Semantic data elements are deceptively similar to the entities and attributes we find in a logical or physical data model. They are things like "customer," "product," "credit limit," "net sales," and so forth. What the semantic modeler must address however, is the context of the term-the data element- and how it relates to the data elements as present in the computing systems data stores. For example, is a customer an individual-the Purchasing Agent- or a company? Must a customer have actually purchased a product, or can a customer also be someone who is in the market for a (the) product? What in some contexts might be called a "prospect" might be called a "customer" in others. Is a customer a wholesaler or is the end consumer the customer? Is the wholesaler's customer also called a customer?
The answer to these questions is likely to be "it depends." And that is the correct answer, because it does depend. It depends on who is asking and why. ABC company's sales department may draw a clear line between customers (buyers) and prospects. ABC's marketing department may simply use "customer" to refer to those participating in the market, whether or not they've actually bought ABC's product.
The semantic modeler must drill down and capture the nuance of each perspective and must struggle to work with the business users to develop a naming convention or syntax that provides clarity. All perspectives are represented in the semantic model.

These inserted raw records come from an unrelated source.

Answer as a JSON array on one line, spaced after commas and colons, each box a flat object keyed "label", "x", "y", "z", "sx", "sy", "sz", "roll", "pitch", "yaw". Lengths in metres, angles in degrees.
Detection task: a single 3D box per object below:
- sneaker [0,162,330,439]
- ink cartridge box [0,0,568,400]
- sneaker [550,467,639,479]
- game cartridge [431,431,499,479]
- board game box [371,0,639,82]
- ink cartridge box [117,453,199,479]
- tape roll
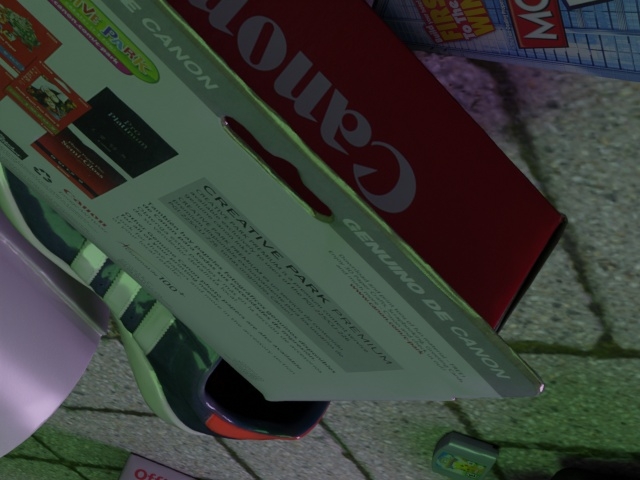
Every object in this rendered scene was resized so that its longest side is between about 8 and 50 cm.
[{"label": "sneaker", "x": -0.091, "y": 0.007, "z": 0.730, "sx": 0.148, "sy": 0.131, "sz": 0.350, "roll": 8, "pitch": 140, "yaw": 39}, {"label": "ink cartridge box", "x": -0.037, "y": -0.059, "z": 0.552, "sx": 0.309, "sy": 0.130, "sz": 0.272, "roll": 44, "pitch": 154, "yaw": -18}, {"label": "sneaker", "x": 0.309, "y": 0.230, "z": 0.931, "sx": 0.234, "sy": 0.078, "sz": 0.106, "roll": 21, "pitch": 116, "yaw": 37}, {"label": "game cartridge", "x": 0.137, "y": 0.213, "z": 1.054, "sx": 0.056, "sy": 0.017, "sz": 0.083, "roll": 21, "pitch": 148, "yaw": 7}, {"label": "board game box", "x": 0.098, "y": -0.149, "z": 0.493, "sx": 0.194, "sy": 0.060, "sz": 0.194, "roll": 2, "pitch": 143, "yaw": 26}, {"label": "ink cartridge box", "x": -0.218, "y": 0.423, "z": 1.368, "sx": 0.171, "sy": 0.232, "sz": 0.168, "roll": 23, "pitch": 146, "yaw": -3}, {"label": "tape roll", "x": -0.311, "y": 0.040, "z": 0.837, "sx": 0.246, "sy": 0.246, "sz": 0.169, "roll": -1, "pitch": 142, "yaw": 31}]

Imagine the confusion if ABC's Sales Department and ABC's Marketing Department both ask the IT department for a list of all customers that attended the Big Trade Show. Will they both get the same list? Which list will it be?
Something as deceptively simple as "Employee" can also be the cause of confusion. Suppose IT receives a request to answer the question: How many Employees work in this building? IT runs a query against it's Employee database, selecting only those names where the work location is this building and provides and answer: 250. When 250 new telephones arrive three weeks later, there are 100 workers without new phones. What happened? In addition to 250 Employees, there are also 100 contract workers in the building, and they all have desks and phones. Well then, what exactly is an Employee? It depends on the semantics-on the context.

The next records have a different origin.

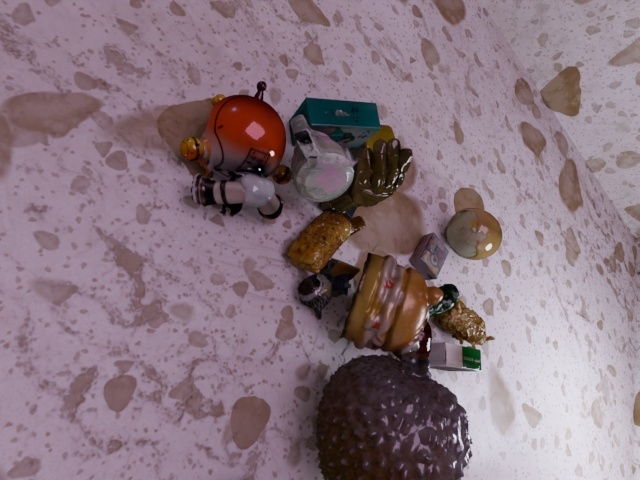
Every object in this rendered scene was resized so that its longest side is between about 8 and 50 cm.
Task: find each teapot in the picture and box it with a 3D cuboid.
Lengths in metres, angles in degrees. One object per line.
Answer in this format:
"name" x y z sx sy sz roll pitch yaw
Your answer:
"teapot" -0.027 -0.225 1.143 0.221 0.163 0.178 25 31 -37

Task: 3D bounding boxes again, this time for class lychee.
"lychee" 0.166 0.480 1.026 0.380 0.380 0.432 22 89 -31

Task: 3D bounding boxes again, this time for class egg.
"egg" 0.604 -0.022 1.619 0.244 0.201 0.201 11 70 -43

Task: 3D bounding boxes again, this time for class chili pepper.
"chili pepper" 0.391 0.213 1.447 0.224 0.061 0.098 -18 62 -25

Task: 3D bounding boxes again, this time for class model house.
"model house" 0.050 0.107 1.219 0.087 0.100 0.101 24 64 -31

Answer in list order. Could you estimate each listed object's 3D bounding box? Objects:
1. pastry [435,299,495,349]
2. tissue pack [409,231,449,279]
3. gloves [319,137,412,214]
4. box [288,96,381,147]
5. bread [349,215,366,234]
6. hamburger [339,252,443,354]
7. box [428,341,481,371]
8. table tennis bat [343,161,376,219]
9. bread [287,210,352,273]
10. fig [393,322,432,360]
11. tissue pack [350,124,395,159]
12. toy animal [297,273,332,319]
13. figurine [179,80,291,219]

It is exactly this confusion that the semantic model strives to both reveal and resolve. Is "Net Sales" net of invoice line-item costs or also net of rebates? For Financial Reporting, it may just be net of invoice line-item costs; for Sales Representative. Commissions, it may be net of rebates as well. (I know of a global company so committed to semantic clarity that an operations manager was sent around the country, making presentation after presentation to Sales Representatives, just to explain the difference between "net sales" and "commission sales.")
It is often said that one of the purposes for building a Data Warehouses is to have "one version of the Truth (capital T)." While this does have a nice ring to it, in actuality a successful data warehouse project will expose many legitimate versions of the truth (lower case t), and will align the business and data semantics so that each truth is understood in its individual context and in its relation to other contexts.
Creating the Semantic Model
Document the Business Metrics
For the chosen subject area, review the existing IT generated reports, screens and spreadsheets and the less formal, (but often more relied upon) departmental or individual reports and spreadsheets. (As is good practice for any systems development project, it's best not to extend the scope too far. It's always better to succeed at something small and build in increments than to fail at something large.)
Create a list of the report row and column names, selection and sort criteria elements. These are the semantic elements for the chosen subject area.
Discuss the list of elements with the business users and document their definitions. Document comments about the usefulness or quality of the elements. Pay special attention to element names that appear frequently, perhaps even across departments-anything that appears to be a good candidates for semantic confusion.
Group the elements in a rough hierarchy in some type of outline format. For example, Customer Name, Customer Address, Customer Credit Limit, Customer Type, etc. should be grouped together under Customer.
This model can be documented in Excel or Access-or in any number of more sophisticated metadata repositories or modeling tools to conform to corporate standards.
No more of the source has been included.